EXCERPTED DATA section start
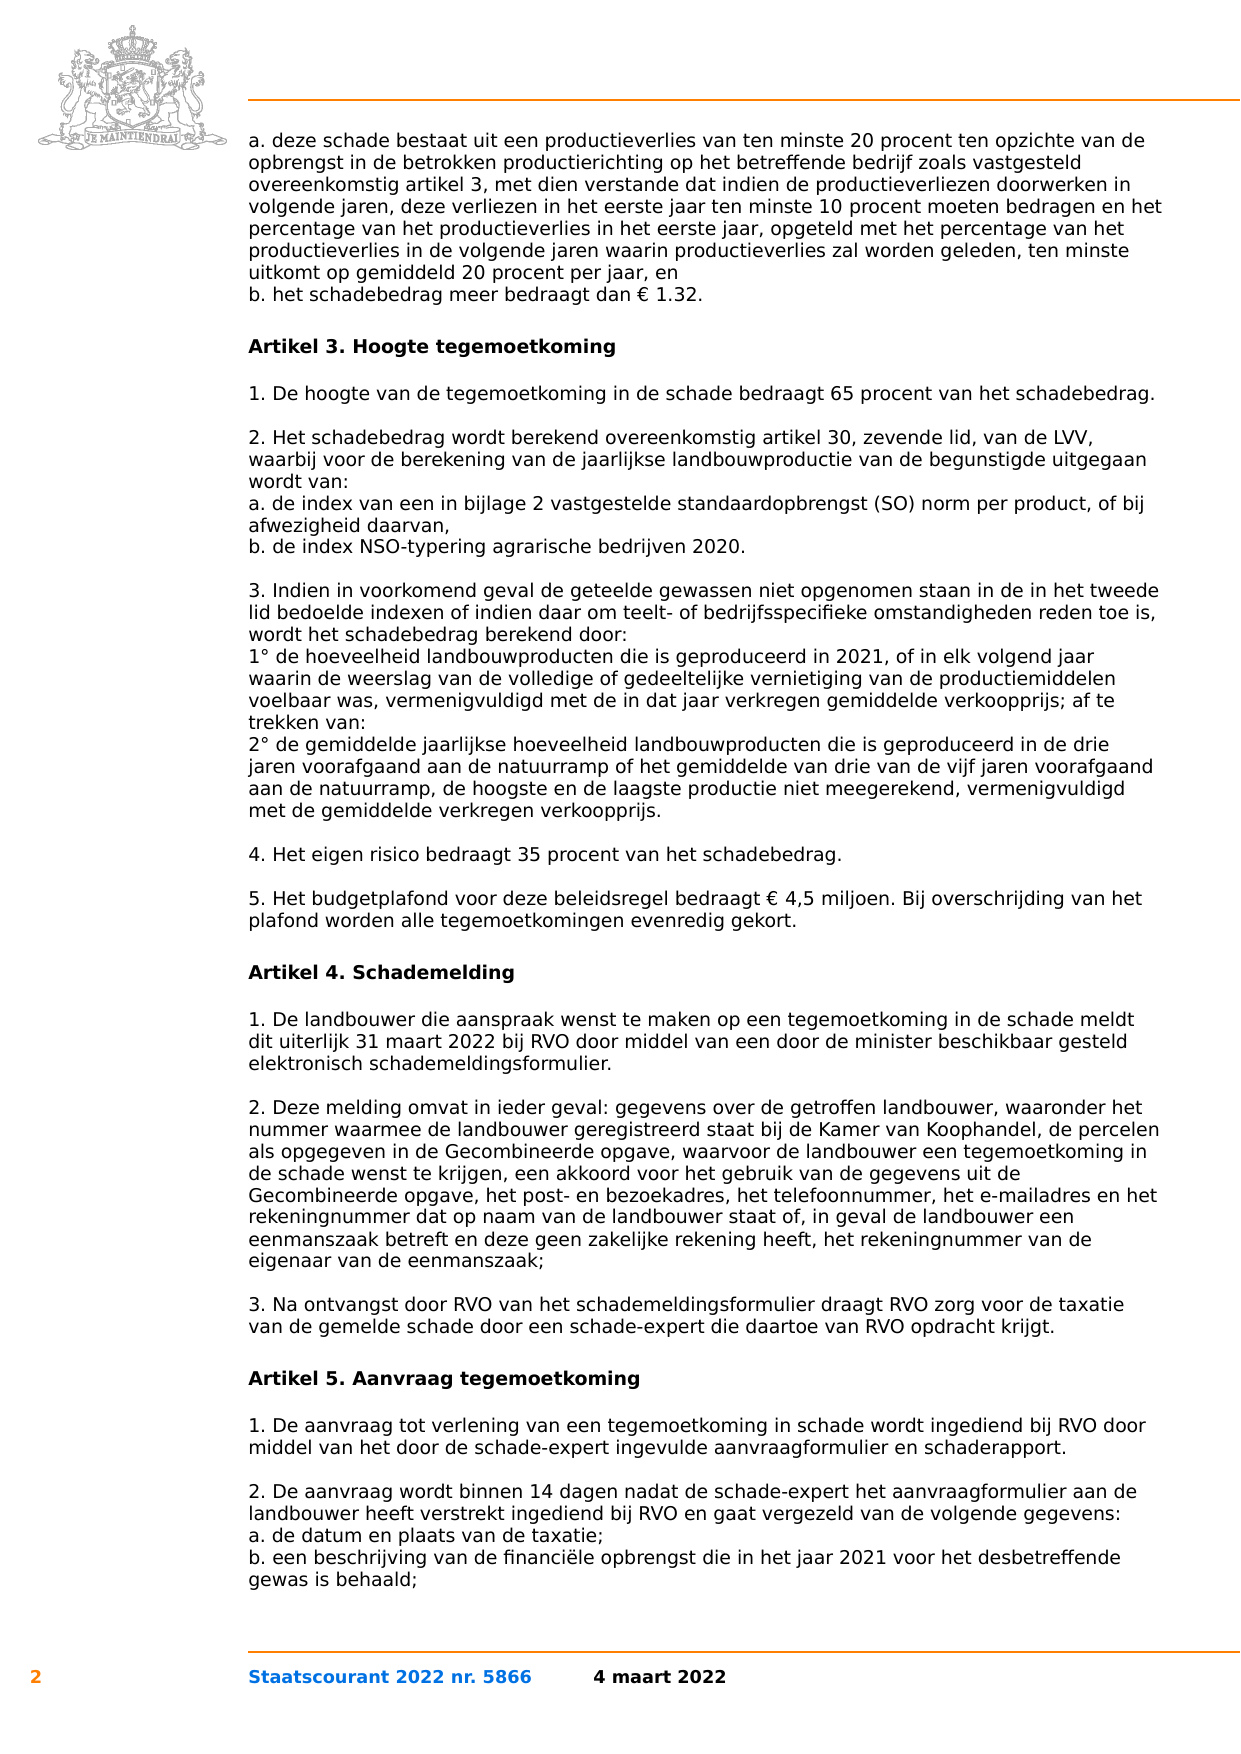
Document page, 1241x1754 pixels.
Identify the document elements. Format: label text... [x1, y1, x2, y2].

subtitle Artikel 5. Aanvraag tegemoetkoming [248, 1368, 1163, 1390]
text 5. Het budgetplafond voor deze beleidsregel bedraagt € 4,5 miljoen. Bij overschrijding van het plafond worden alle tegemoetkomingen evenredig gekort. [248, 888, 1163, 932]
subtitle Artikel 4. Schademelding [248, 962, 1163, 984]
text 2. De aanvraag wordt binnen 14 dagen nadat de schade-expert het aanvraagformulier aan de landbouwer heeft verstrekt ingediend bij RVO en gaat vergezeld van de volgende gegevens: [248, 1481, 1163, 1525]
picture [38, 25, 227, 150]
text b. de index NSO-typering agrarische bedrijven 2020. [248, 536, 1163, 558]
text 1. De aanvraag tot verlening van een tegemoetkoming in schade wordt ingediend bij RVO door middel van het door de schade-expert ingevulde aanvraagformulier en schaderapport. [248, 1415, 1163, 1459]
subtitle Artikel 3. Hoogte tegemoetkoming [248, 336, 1163, 358]
text a. deze schade bestaat uit een productieverlies van ten minste 20 procent ten opzichte van de opbrengst in de betrokken productierichting op het betreffende bedrijf zoals vastgesteld overeenkomstig artikel 3, met dien verstande dat indien de productieverliezen doorwerken in volgende jaren, deze verliezen in het eerste jaar ten minste 10 procent moeten bedragen en het percentage van het productieverlies in het eerste jaar, opgeteld met het percentage van het productieverlies in de volgende jaren waarin productieverlies zal worden geleden, ten minste uitkomt op gemiddeld 20 procent per jaar, en [248, 130, 1163, 284]
text 2° de gemiddelde jaarlijkse hoeveelheid landbouwproducten die is geproduceerd in de drie jaren voorafgaand aan de natuurramp of het gemiddelde van drie van de vijf jaren voorafgaand aan de natuurramp, de hoogste en de laagste productie niet meegerekend, vermenigvuldigd met de gemiddelde verkregen verkoopprijs. [248, 734, 1163, 822]
text 3. Indien in voorkomend geval de geteelde gewassen niet opgenomen staan in de in het tweede lid bedoelde indexen of indien daar om teelt- of bedrijfsspecifieke omstandigheden reden toe is, wordt het schadebedrag berekend door: [248, 580, 1163, 646]
text 3. Na ontvangst door RVO van het schademeldingsformulier draagt RVO zorg voor de taxatie van de gemelde schade door een schade-expert die daartoe van RVO opdracht krijgt. [248, 1294, 1163, 1338]
text 1. De hoogte van de tegemoetkoming in de schade bedraagt 65 procent van het schadebedrag. [248, 383, 1163, 405]
text a. de datum en plaats van de taxatie; [248, 1525, 1163, 1547]
text 2. Deze melding omvat in ieder geval: gegevens over de getroffen landbouwer, waaronder het nummer waarmee de landbouwer geregistreerd staat bij de Kamer van Koophandel, de percelen als opgegeven in de Gecombineerde opgave, waarvoor de landbouwer een tegemoetkoming in de schade wenst te krijgen, een akkoord voor het gebruik van de gegevens uit de Gecombineerde opgave, het post- en bezoekadres, het telefoonnummer, het e-mailadres en het rekeningnummer dat op naam van de landbouwer staat of, in geval de landbouwer een eenmanszaak betreft en deze geen zakelijke rekening heeft, het rekeningnummer van de eigenaar van de eenmanszaak; [248, 1097, 1163, 1272]
text 1. De landbouwer die aanspraak wenst te maken op een tegemoetkoming in de schade meldt dit uiterlijk 31 maart 2022 bij RVO door middel van een door de minister beschikbaar gesteld elektronisch schademeldingsformulier. [248, 1009, 1163, 1075]
text a. de index van een in bijlage 2 vastgestelde standaardopbrengst (SO) norm per product, of bij afwezigheid daarvan, [248, 492, 1163, 536]
text 2. Het schadebedrag wordt berekend overeenkomstig artikel 30, zevende lid, van de LVV, waarbij voor de berekening van de jaarlijkse landbouwproductie van de begunstigde uitgegaan wordt van: [248, 427, 1163, 492]
text 1° de hoeveelheid landbouwproducten die is geproduceerd in 2021, of in elk volgend jaar waarin de weerslag van de volledige of gedeeltelijke vernietiging van de productiemiddelen voelbaar was, vermenigvuldigd met de in dat jaar verkregen gemiddelde verkoopprijs; af te trekken van: [248, 646, 1163, 734]
text 4. Het eigen risico bedraagt 35 procent van het schadebedrag. [248, 844, 1163, 866]
text b. het schadebedrag meer bedraagt dan € 1.32. [248, 284, 1163, 306]
text b. een beschrijving van de financiële opbrengst die in het jaar 2021 voor het desbetreffende gewas is behaald; [248, 1547, 1163, 1591]
EXCERPTED DATA section end
WHAT IS REQUIRED: Copy the entries above exactly, but only from the line holding "subtitle Artikel 5." through the line holding "subtitle Artikel 3.", both included.

RESPONSE BOX:
subtitle Artikel 5. Aanvraag tegemoetkoming [248, 1368, 1163, 1390]
text 5. Het budgetplafond voor deze beleidsregel bedraagt € 4,5 miljoen. Bij overschrijding van het plafond worden alle tegemoetkomingen evenredig gekort. [248, 888, 1163, 932]
subtitle Artikel 4. Schademelding [248, 962, 1163, 984]
text 2. De aanvraag wordt binnen 14 dagen nadat de schade-expert het aanvraagformulier aan de landbouwer heeft verstrekt ingediend bij RVO en gaat vergezeld van de volgende gegevens: [248, 1481, 1163, 1525]
picture [38, 25, 227, 150]
text b. de index NSO-typering agrarische bedrijven 2020. [248, 536, 1163, 558]
text 1. De aanvraag tot verlening van een tegemoetkoming in schade wordt ingediend bij RVO door middel van het door de schade-expert ingevulde aanvraagformulier en schaderapport. [248, 1415, 1163, 1459]
subtitle Artikel 3. Hoogte tegemoetkoming [248, 336, 1163, 358]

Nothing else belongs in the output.